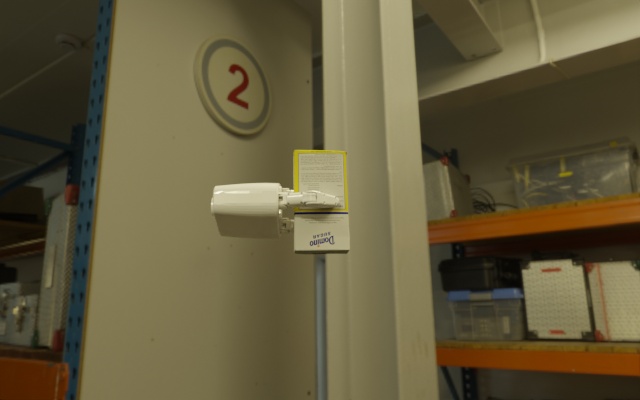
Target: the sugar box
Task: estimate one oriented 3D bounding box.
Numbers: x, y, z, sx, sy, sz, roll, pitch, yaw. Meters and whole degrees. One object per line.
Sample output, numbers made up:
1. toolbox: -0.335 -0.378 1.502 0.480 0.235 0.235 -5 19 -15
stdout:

§

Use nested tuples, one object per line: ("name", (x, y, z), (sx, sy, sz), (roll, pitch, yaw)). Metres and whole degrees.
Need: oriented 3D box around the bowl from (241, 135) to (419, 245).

§

Pick every line from the listing holding the string "pitch", and copy it.

Numbers: x, y, z, sx, sy, sz, roll, pitch, yaw. Meters and whole degrees. One object per line.
Use nested tuples, one object per line: ("name", (x, y, z), (sx, sy, sz), (roll, pitch, yaw)). Metres and whole degrees.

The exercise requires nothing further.